Action item> Please restate, word for word, the lines below that begin at the one with "text Op grond" and end at the one with "subtitle Bestuurlijke verantwoording". Leave out all other lines.

### Extracted records ###

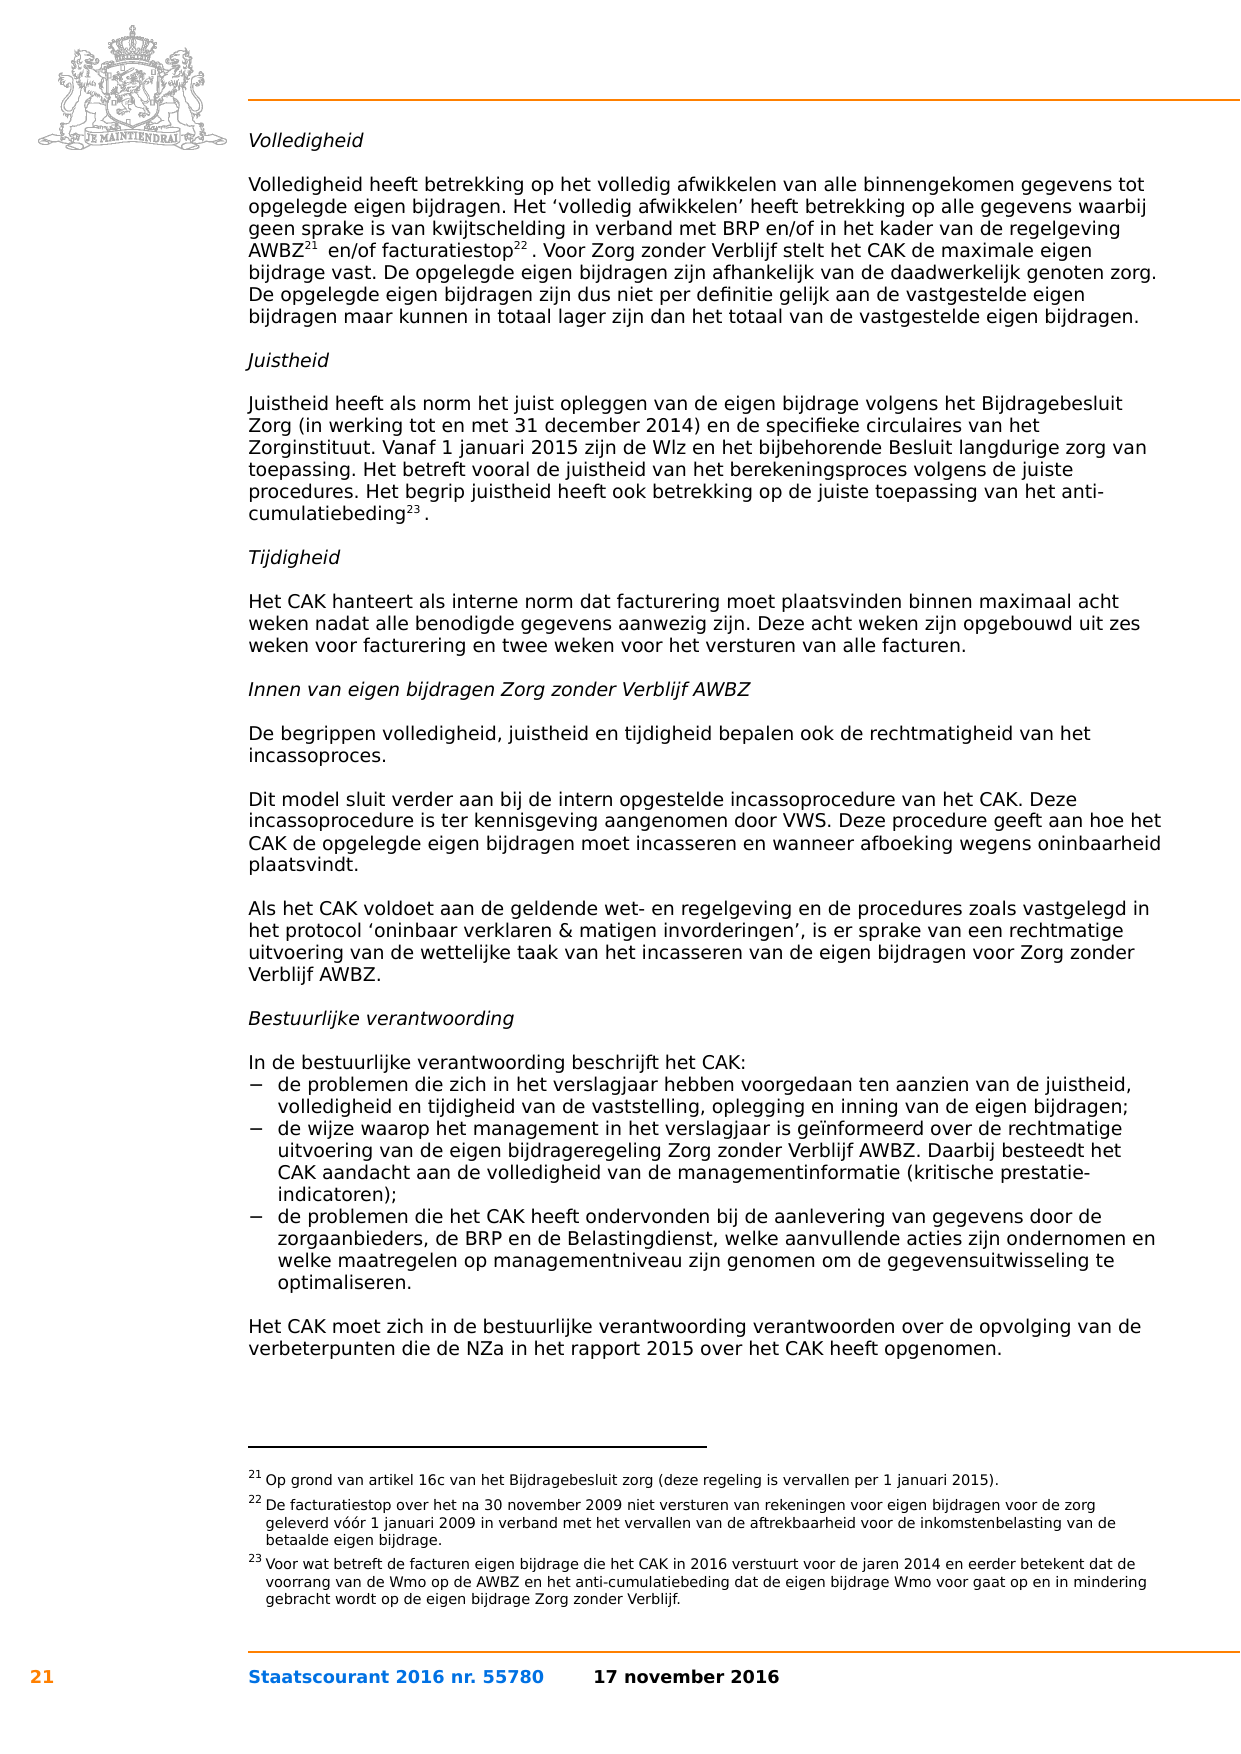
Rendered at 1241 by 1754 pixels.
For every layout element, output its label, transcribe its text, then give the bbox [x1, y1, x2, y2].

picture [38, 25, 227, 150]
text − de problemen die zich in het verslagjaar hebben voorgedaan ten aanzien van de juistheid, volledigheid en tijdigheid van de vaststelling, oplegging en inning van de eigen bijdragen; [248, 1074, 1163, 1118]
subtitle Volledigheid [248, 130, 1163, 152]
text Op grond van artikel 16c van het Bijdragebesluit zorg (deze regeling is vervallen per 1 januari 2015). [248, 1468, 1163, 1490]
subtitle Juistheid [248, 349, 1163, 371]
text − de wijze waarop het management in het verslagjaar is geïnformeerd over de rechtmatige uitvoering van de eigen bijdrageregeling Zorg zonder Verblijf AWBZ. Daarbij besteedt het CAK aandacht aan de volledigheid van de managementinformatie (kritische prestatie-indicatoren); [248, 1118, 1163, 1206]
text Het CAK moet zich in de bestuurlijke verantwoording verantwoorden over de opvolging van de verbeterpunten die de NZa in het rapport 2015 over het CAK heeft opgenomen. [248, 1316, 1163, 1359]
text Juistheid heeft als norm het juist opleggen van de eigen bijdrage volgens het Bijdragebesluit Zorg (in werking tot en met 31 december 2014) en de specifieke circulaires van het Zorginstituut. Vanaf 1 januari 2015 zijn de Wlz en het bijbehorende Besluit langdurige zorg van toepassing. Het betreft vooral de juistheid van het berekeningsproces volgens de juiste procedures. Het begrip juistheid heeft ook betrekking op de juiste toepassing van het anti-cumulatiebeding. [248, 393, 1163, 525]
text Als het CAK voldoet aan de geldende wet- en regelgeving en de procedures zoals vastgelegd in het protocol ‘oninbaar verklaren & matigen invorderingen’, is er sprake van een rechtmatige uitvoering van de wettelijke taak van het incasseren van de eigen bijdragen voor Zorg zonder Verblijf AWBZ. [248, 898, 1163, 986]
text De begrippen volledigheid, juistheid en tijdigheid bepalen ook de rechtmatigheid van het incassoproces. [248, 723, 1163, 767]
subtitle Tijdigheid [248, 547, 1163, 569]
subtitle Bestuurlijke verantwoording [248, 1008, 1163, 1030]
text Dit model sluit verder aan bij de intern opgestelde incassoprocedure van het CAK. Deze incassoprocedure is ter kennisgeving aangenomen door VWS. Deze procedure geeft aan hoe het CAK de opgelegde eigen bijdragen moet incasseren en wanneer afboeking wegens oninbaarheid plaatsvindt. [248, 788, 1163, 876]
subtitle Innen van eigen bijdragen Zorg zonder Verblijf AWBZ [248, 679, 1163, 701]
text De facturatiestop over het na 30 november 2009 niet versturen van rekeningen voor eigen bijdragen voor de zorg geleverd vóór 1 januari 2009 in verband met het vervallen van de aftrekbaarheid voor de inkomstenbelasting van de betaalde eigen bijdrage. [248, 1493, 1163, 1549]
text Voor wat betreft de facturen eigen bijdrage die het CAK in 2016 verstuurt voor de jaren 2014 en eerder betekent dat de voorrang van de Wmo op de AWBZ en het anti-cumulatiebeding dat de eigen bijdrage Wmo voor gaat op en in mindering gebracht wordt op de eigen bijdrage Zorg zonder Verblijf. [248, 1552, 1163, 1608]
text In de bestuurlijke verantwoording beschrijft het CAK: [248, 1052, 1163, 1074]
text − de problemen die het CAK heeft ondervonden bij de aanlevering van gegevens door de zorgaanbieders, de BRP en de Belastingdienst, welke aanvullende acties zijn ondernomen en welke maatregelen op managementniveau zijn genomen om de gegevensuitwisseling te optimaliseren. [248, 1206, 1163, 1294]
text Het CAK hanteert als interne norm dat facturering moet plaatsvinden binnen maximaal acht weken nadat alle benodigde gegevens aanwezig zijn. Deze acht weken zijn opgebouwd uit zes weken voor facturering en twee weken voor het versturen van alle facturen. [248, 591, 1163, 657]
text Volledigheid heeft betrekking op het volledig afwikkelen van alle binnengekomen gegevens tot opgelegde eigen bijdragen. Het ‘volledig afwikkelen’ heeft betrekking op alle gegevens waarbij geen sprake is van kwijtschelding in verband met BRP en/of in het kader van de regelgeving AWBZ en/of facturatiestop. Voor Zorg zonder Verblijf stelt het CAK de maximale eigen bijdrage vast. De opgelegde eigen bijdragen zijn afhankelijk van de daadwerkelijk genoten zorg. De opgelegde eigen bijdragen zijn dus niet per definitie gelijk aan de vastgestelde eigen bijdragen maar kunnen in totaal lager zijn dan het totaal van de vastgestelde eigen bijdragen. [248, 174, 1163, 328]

###

Response area>
text Op grond van artikel 16c van het Bijdragebesluit zorg (deze regeling is vervallen per 1 januari 2015). [248, 1468, 1163, 1490]
subtitle Juistheid [248, 349, 1163, 371]
text − de wijze waarop het management in het verslagjaar is geïnformeerd over de rechtmatige uitvoering van de eigen bijdrageregeling Zorg zonder Verblijf AWBZ. Daarbij besteedt het CAK aandacht aan de volledigheid van de managementinformatie (kritische prestatie-indicatoren); [248, 1118, 1163, 1206]
text Het CAK moet zich in de bestuurlijke verantwoording verantwoorden over de opvolging van de verbeterpunten die de NZa in het rapport 2015 over het CAK heeft opgenomen. [248, 1316, 1163, 1359]
text Juistheid heeft als norm het juist opleggen van de eigen bijdrage volgens het Bijdragebesluit Zorg (in werking tot en met 31 december 2014) en de specifieke circulaires van het Zorginstituut. Vanaf 1 januari 2015 zijn de Wlz en het bijbehorende Besluit langdurige zorg van toepassing. Het betreft vooral de juistheid van het berekeningsproces volgens de juiste procedures. Het begrip juistheid heeft ook betrekking op de juiste toepassing van het anti-cumulatiebeding. [248, 393, 1163, 525]
text Als het CAK voldoet aan de geldende wet- en regelgeving en de procedures zoals vastgelegd in het protocol ‘oninbaar verklaren & matigen invorderingen’, is er sprake van een rechtmatige uitvoering van de wettelijke taak van het incasseren van de eigen bijdragen voor Zorg zonder Verblijf AWBZ. [248, 898, 1163, 986]
text De begrippen volledigheid, juistheid en tijdigheid bepalen ook de rechtmatigheid van het incassoproces. [248, 723, 1163, 767]
subtitle Tijdigheid [248, 547, 1163, 569]
subtitle Bestuurlijke verantwoording [248, 1008, 1163, 1030]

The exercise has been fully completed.